Figure 83-11 Model showing that errors are not the cause of accidents [200] : The "naïve view" that errors (E) are the direct cause of an accident is incorrect. As shown in the "modern view," a combination of underlying conditions (C1 , C2 , C3 ) are the real causes of an error. The error itself often requires further combination with contributing factors (CF4 , C5 ) to result in an accident. (Adapted from Rall M, Manser T, Guggenberger H, Gaba DM, Unertl K: [Patient safety and errors in medicine: Development, prevention and analyses of incidents.] Anästhesiologie, Intensivmedizin, Notfallmedizin, Schmerztherapie 36:321–330, 2001, with permission.)

Some errors are actively produced in the operational domain, whereas others are introduced by the organizational environment.

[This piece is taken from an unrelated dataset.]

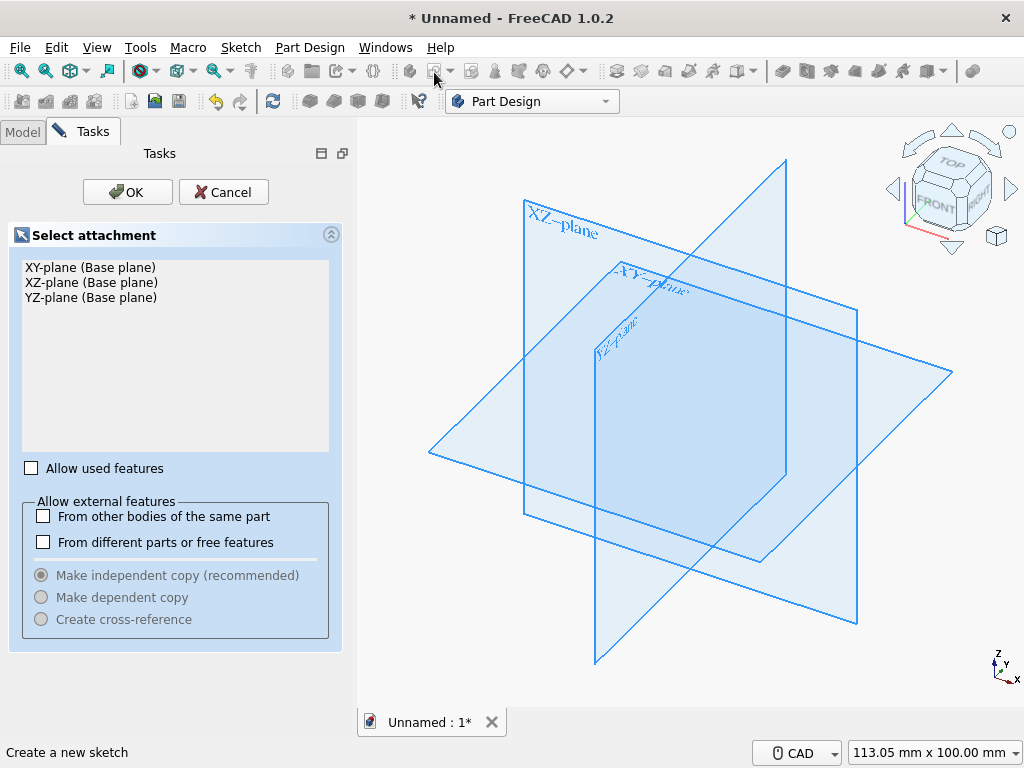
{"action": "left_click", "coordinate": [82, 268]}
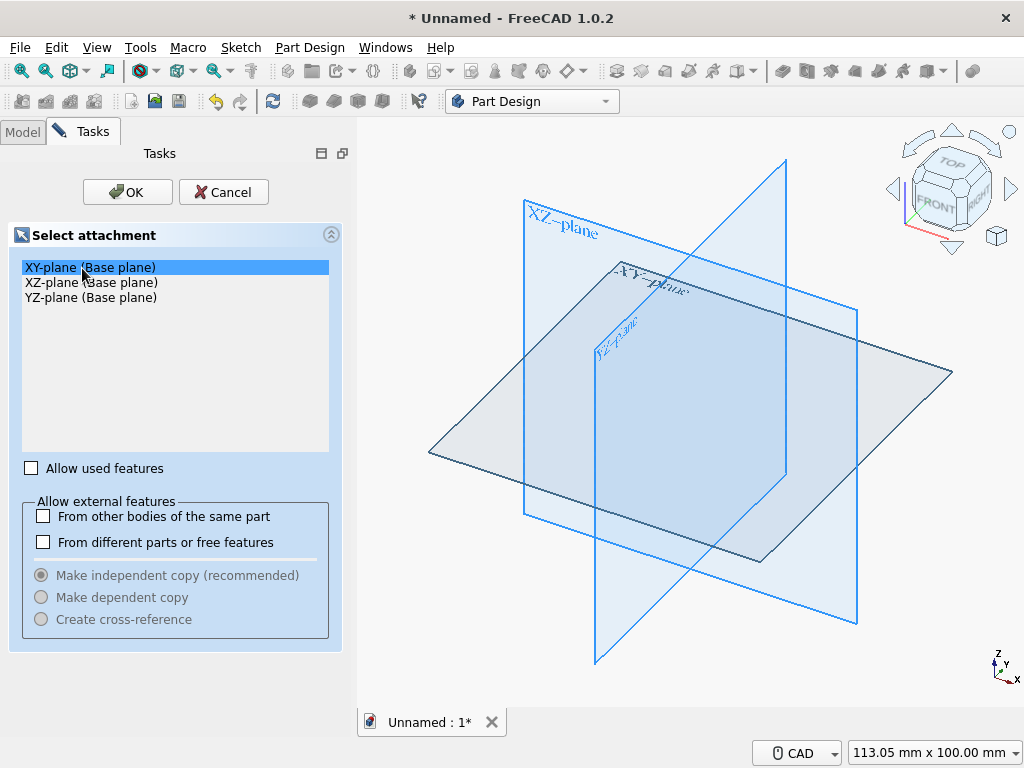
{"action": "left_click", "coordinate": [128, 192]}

James Reason, a psychologist at the University of Manchester, England, described the latter using the concept of "latent errors"[82] [281] :

... errors whose adverse consequences may lie dormant within the system for a long time, only becoming evident when they combine with other factors to breach the system's defenses. [They are] most likely to be spawned by those whose activities are removed in both time and space from the direct control interface: designers, high-level decision makers, construction workers, managers and maintenance personnel.

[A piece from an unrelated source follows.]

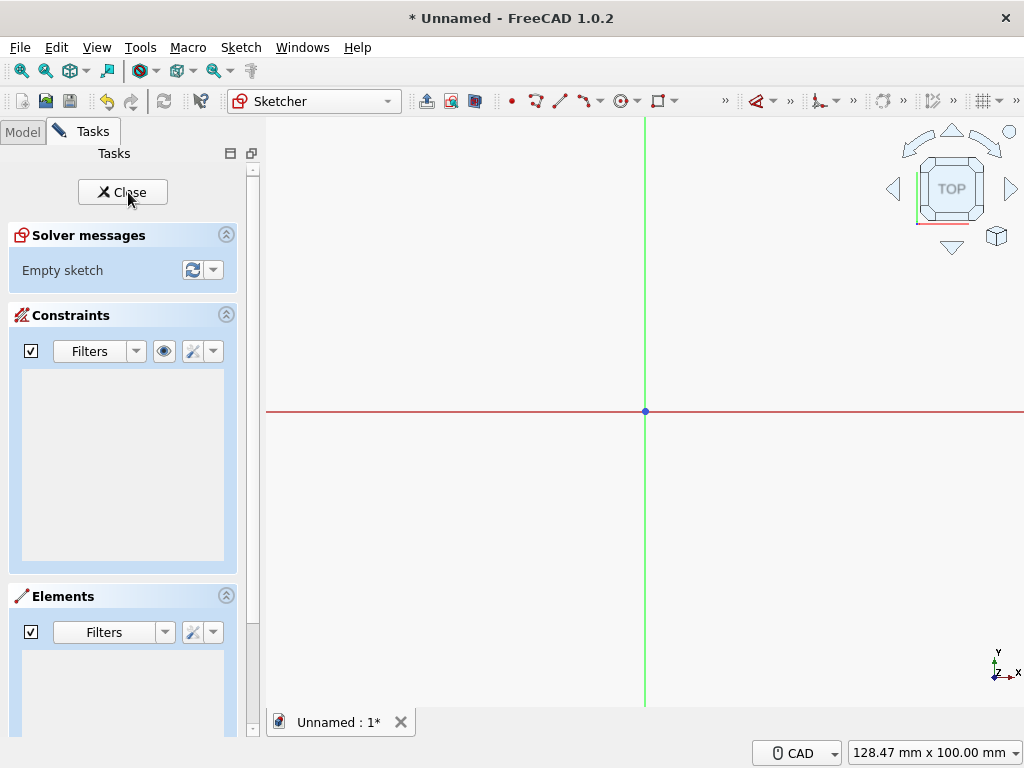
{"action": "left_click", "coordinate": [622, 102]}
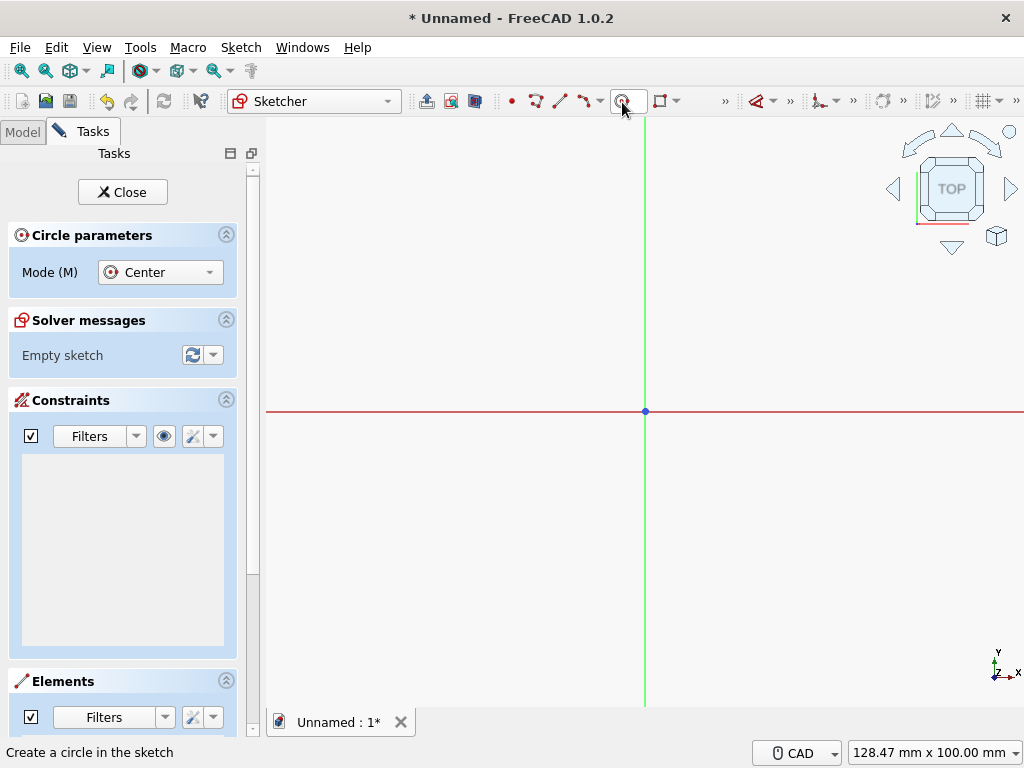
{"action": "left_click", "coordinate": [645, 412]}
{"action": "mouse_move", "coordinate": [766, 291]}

Latent errors probably exist in all complex systems, and Reason adopted a medical metaphor to describe them as "resident pathogens." Like microorganisms in the body, the resident pathogens remain under control until sets of local circumstances "combine with these resident pathogens in subtle and often unlikely ways to thwart the system's defenses and bring about its catastrophic breakdown"[82] (see Fig. 83-13 ). This threat and error model was also well demonstrated by Helmreich at the University of Texas ( Fig. 83-12 ).[287]